# Theoretical Math: Proving an injection when it's countably infinite.

1. Apr 25, 2012

### mmilton

1. The problem statement, all variables and given/known data

Let f: A --> B be an injection and suppose that the set A is countably infinite; how can I prove that there is an injection from B to A if and only if B is countably infinite?
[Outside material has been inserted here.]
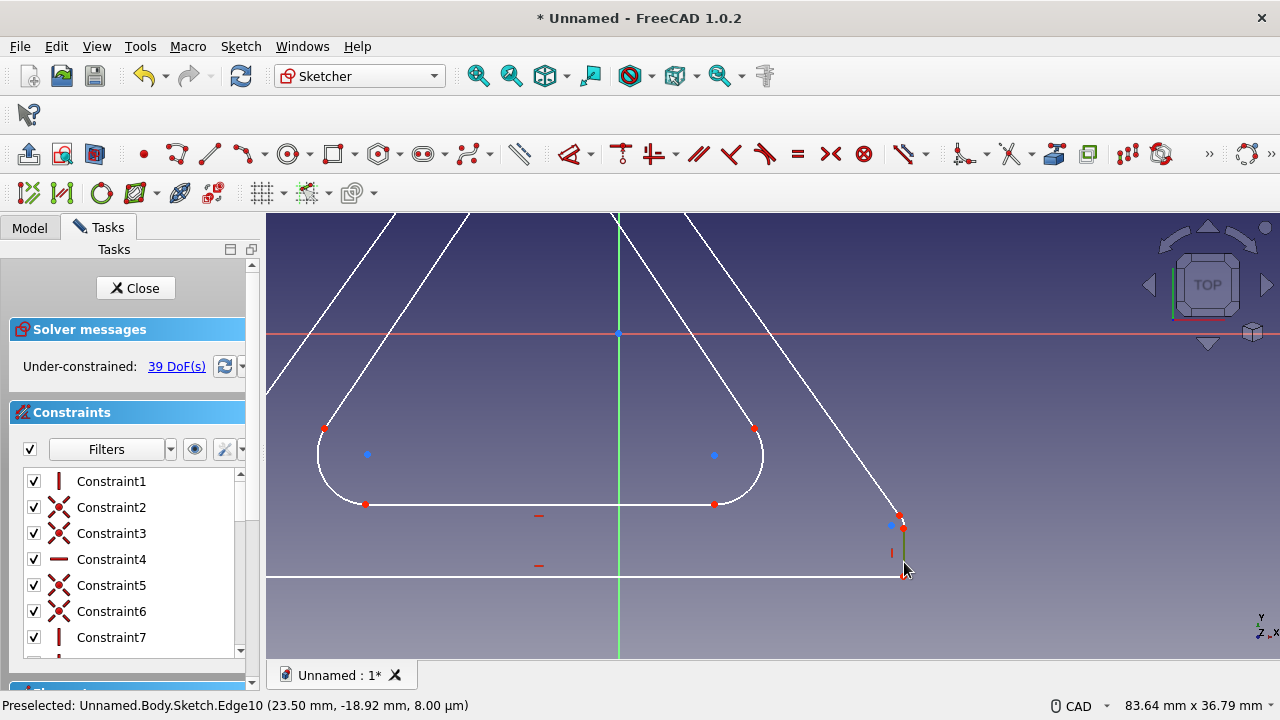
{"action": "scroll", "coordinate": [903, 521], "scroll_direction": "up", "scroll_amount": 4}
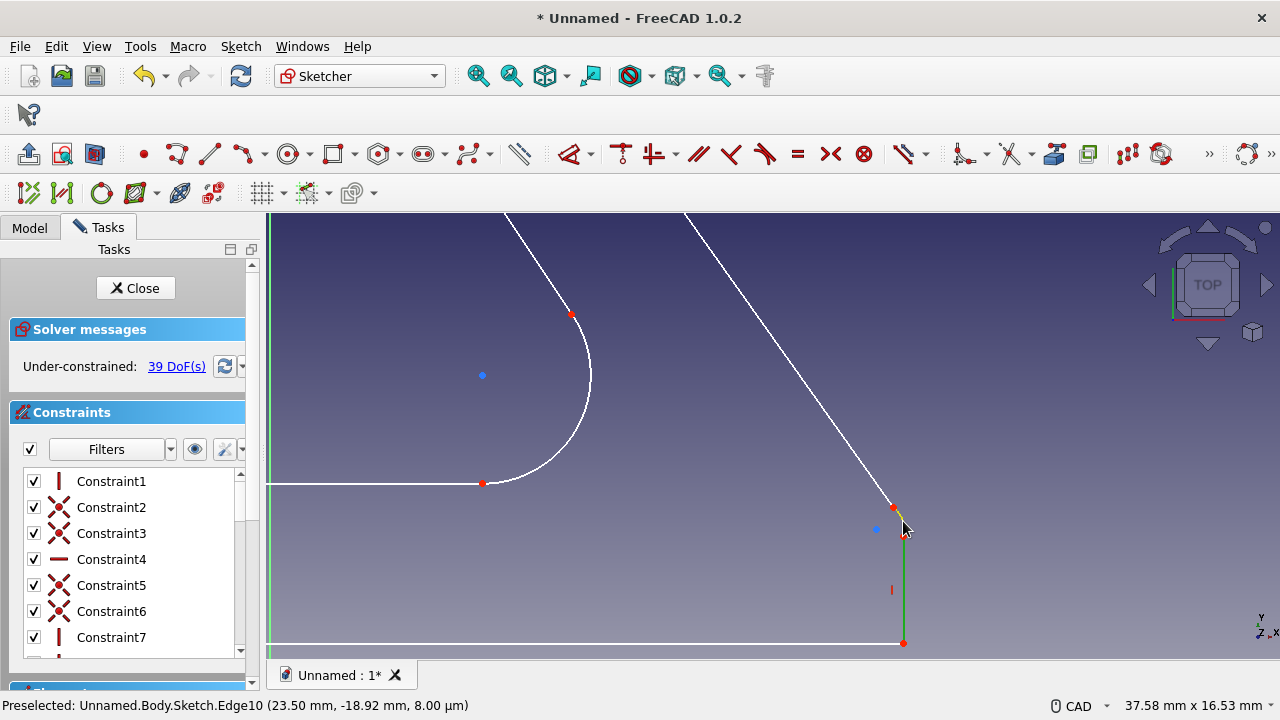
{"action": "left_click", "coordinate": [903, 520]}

Also, if we would suppose that A is uncountable, can B be countable?

2. Relevant equations

3. The attempt at a solution

Here is what I have thus far,

First direction:
Suppose B is countably infinite. Then, by definition, there is a
bijection from B to the naturals. Since A is also countably infinite, there is a bijection
from A to the naturals, and hence a bijection between B and A (and hence injection from B to A).

Next direction:
First show that since f is an injection of a countably infinite set to B, then B must be infinite.
Now, if there is an injection from B to A, then there is a bijection from B to a subset of A, call this subset S. So B and S have the same cardinality. But any infinite subset S of a countably infinite set A is countably infinite, so B has the same cardinality as a countably infinite set S.

2. Apr 26, 2012

### Dustinsfl

For your first direction, I would say instead that since A and B can be put into a 1-1 correspondence with $\mathbb{N}$ we can map the first element of B which is mapped to 1 to the element in A which is mapped to 1 and so forth. Hence we have an injective map from B to A. You don't need bijection since you are only asked about injection.
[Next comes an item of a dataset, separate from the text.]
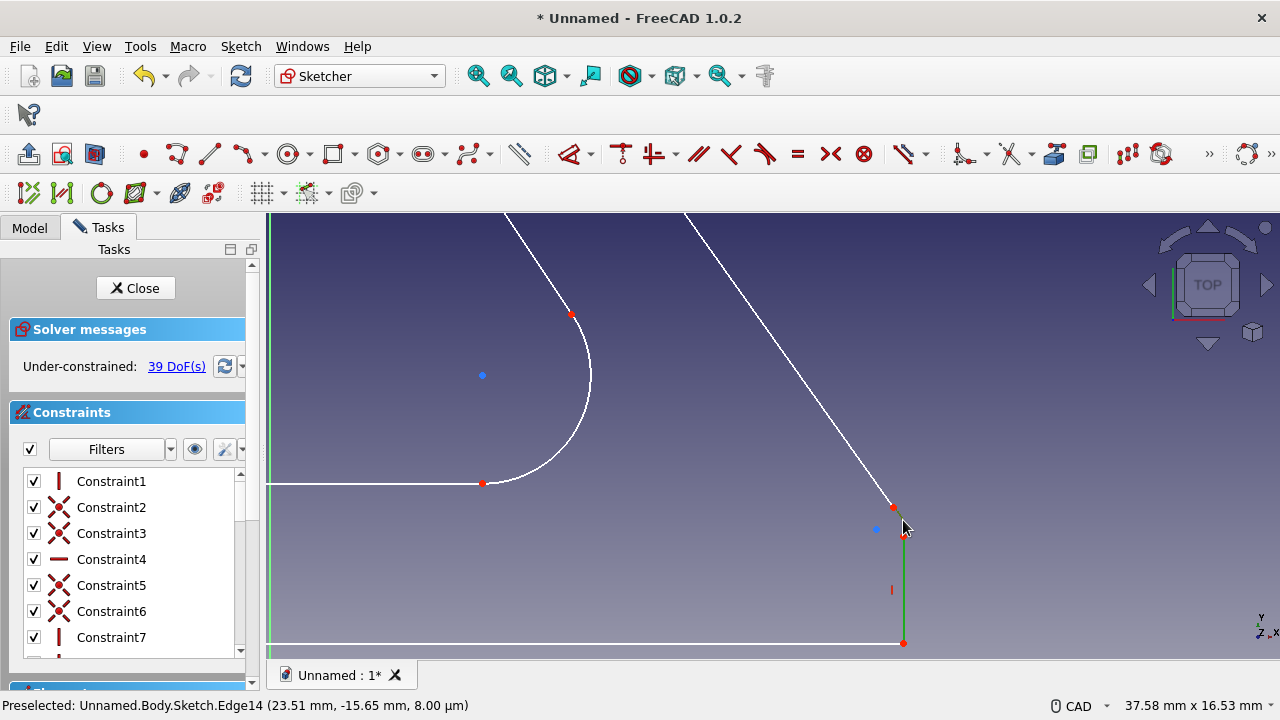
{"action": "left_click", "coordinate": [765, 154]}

We are given f is injective from A to B, $A\mapsto\mathbb{N}$ i.e. A is countable infinite, and g:B->A is injective. So since f is injective every element of A maps to an element of B. However, there could be more elements in B but we have that g is also injective so every element of B maps to an element of A and A is countable infinite so B must be what?

I think these are pretty much just straight forward. I don't think you need to worry about a subset for the second one.